[GIVEN DATA]:
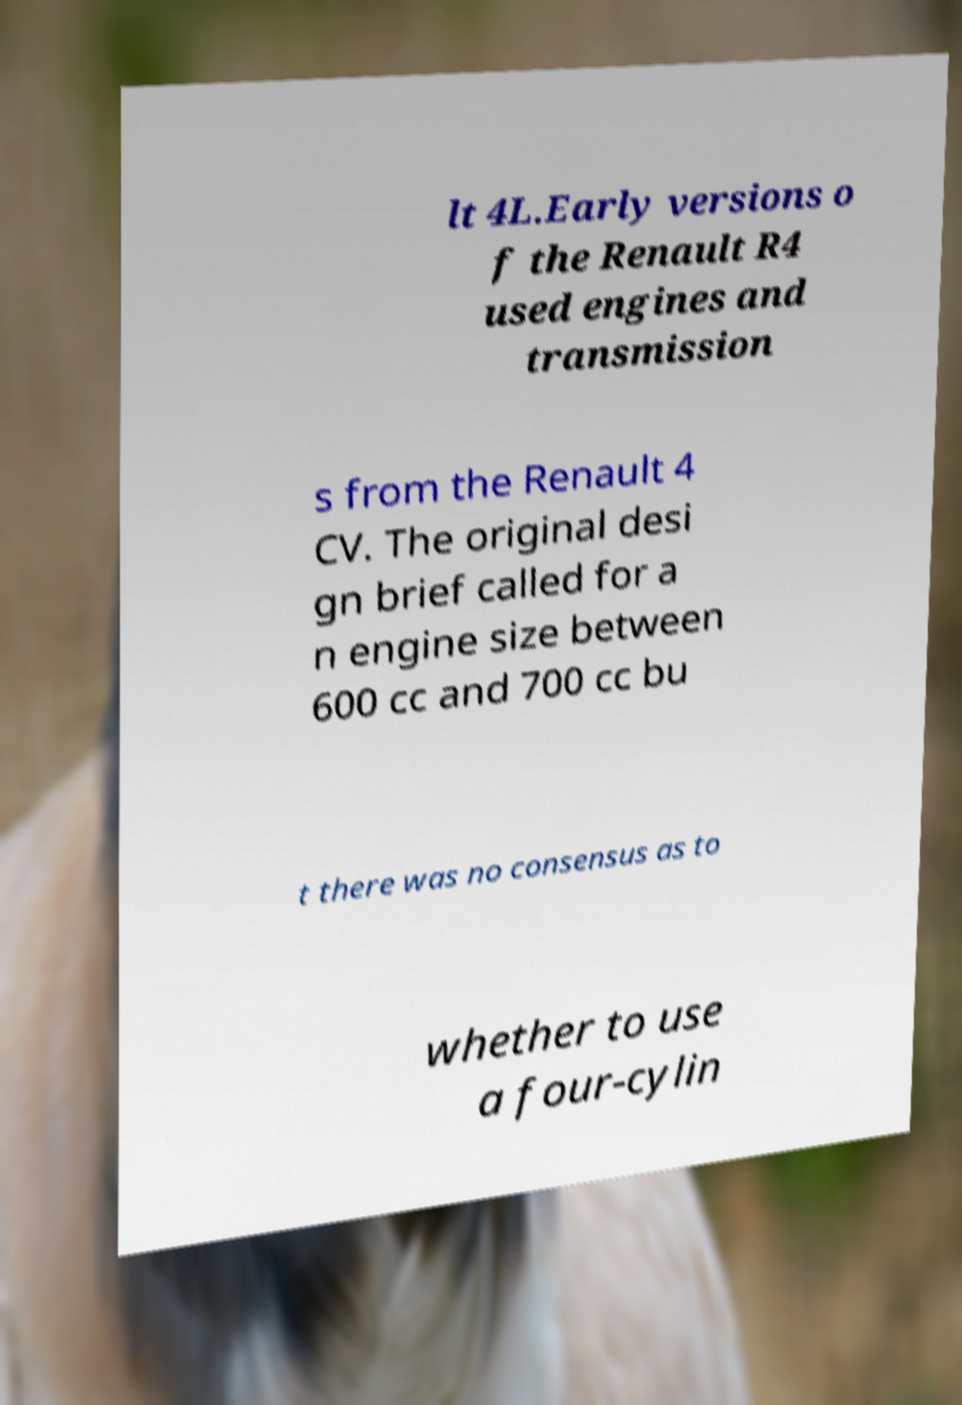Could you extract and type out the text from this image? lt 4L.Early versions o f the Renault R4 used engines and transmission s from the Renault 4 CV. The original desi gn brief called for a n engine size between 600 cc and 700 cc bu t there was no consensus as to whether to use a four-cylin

...

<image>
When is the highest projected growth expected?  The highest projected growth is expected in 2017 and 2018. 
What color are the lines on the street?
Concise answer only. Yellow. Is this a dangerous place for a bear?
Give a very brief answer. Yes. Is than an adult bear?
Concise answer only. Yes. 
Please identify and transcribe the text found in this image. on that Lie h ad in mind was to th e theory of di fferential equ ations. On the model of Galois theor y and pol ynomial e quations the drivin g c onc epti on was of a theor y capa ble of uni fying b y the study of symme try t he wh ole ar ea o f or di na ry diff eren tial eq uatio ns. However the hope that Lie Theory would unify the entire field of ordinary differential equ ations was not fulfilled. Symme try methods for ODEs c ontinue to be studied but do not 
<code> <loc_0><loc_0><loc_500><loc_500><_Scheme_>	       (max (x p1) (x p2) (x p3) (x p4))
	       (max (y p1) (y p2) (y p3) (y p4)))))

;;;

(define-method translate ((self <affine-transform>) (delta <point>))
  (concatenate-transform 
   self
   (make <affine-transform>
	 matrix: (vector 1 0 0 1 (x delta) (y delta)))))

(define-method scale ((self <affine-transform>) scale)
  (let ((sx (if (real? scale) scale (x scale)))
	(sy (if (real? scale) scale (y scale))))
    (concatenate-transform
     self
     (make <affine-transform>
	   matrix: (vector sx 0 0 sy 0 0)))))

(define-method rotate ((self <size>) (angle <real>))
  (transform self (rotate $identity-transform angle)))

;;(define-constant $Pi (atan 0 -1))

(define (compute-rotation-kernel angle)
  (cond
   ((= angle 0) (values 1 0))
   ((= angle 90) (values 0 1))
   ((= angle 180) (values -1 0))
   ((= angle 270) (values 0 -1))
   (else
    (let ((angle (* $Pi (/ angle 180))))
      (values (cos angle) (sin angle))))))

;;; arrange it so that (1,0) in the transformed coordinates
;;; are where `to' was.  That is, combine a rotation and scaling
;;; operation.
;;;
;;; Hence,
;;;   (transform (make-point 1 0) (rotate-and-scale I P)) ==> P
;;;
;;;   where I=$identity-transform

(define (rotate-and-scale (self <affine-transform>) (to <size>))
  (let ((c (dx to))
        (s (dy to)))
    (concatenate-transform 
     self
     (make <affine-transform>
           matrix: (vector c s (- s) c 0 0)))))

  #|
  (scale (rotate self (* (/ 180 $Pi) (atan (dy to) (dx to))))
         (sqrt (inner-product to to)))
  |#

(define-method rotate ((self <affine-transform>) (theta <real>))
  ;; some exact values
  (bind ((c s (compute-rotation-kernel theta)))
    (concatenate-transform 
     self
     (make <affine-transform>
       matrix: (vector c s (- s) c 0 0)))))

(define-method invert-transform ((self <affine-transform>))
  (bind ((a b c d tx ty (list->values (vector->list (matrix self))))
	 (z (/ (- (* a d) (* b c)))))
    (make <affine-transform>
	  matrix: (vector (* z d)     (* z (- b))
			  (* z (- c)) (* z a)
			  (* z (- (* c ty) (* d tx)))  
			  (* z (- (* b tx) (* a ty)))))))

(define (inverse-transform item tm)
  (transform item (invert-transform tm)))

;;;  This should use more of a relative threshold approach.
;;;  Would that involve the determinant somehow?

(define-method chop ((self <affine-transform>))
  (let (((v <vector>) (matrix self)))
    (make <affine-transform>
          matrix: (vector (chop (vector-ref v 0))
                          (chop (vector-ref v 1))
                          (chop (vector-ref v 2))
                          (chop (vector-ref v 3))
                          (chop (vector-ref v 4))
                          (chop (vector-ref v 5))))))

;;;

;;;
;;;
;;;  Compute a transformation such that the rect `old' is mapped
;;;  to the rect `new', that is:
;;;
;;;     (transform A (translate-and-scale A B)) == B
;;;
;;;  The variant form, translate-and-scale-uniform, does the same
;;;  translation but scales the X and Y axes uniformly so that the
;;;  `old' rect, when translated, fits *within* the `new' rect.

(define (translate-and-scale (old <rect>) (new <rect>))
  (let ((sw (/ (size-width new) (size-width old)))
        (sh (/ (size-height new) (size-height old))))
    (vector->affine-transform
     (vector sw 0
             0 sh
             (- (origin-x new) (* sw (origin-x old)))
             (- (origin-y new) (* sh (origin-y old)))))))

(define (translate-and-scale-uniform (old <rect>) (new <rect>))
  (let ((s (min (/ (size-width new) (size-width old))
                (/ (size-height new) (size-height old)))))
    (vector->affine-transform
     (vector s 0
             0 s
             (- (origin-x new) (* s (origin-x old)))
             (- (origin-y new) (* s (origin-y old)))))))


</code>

--

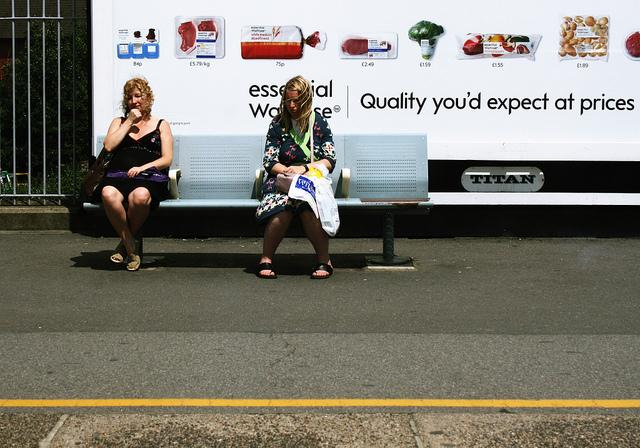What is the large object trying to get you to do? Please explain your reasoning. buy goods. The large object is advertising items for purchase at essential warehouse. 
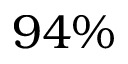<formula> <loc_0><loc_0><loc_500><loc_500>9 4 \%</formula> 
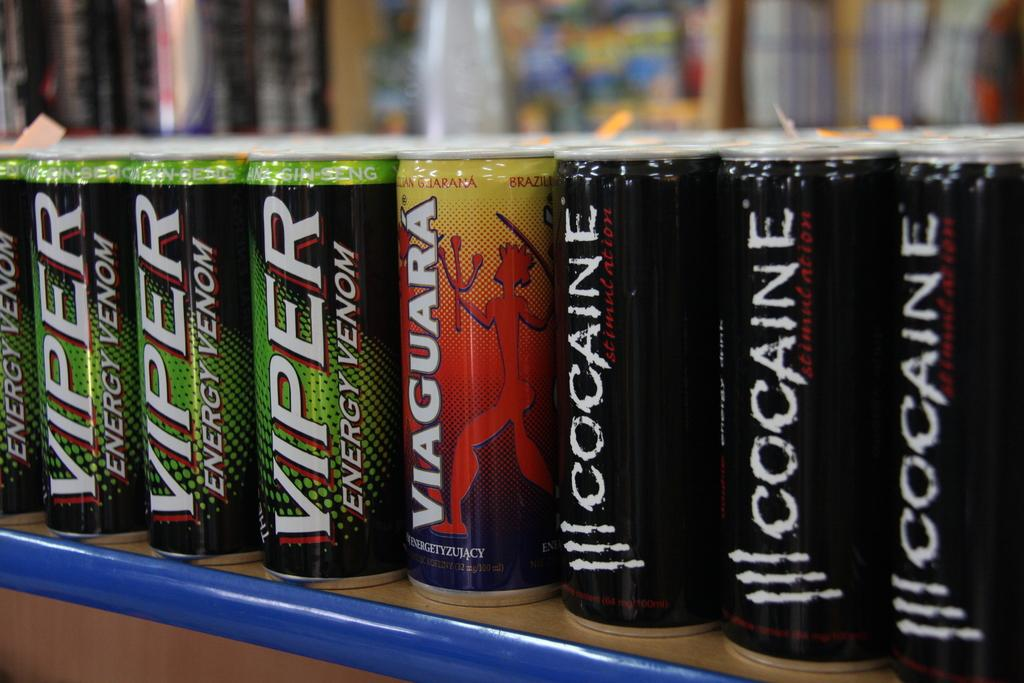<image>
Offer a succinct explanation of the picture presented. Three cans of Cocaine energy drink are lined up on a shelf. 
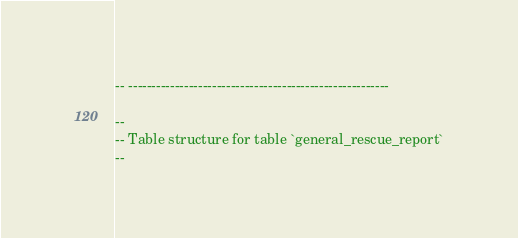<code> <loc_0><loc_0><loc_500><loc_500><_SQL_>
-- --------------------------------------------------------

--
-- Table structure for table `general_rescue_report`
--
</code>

[ABOUT THIS EXERCISE]: Which lines in the listing above hold the word "only"? Show each of them.

[SOLUTION FOR THIS PROBLEM]:
Concise answer only. Yellow. Is this a dangerous place for a bear?
Concise answer only. Yes. 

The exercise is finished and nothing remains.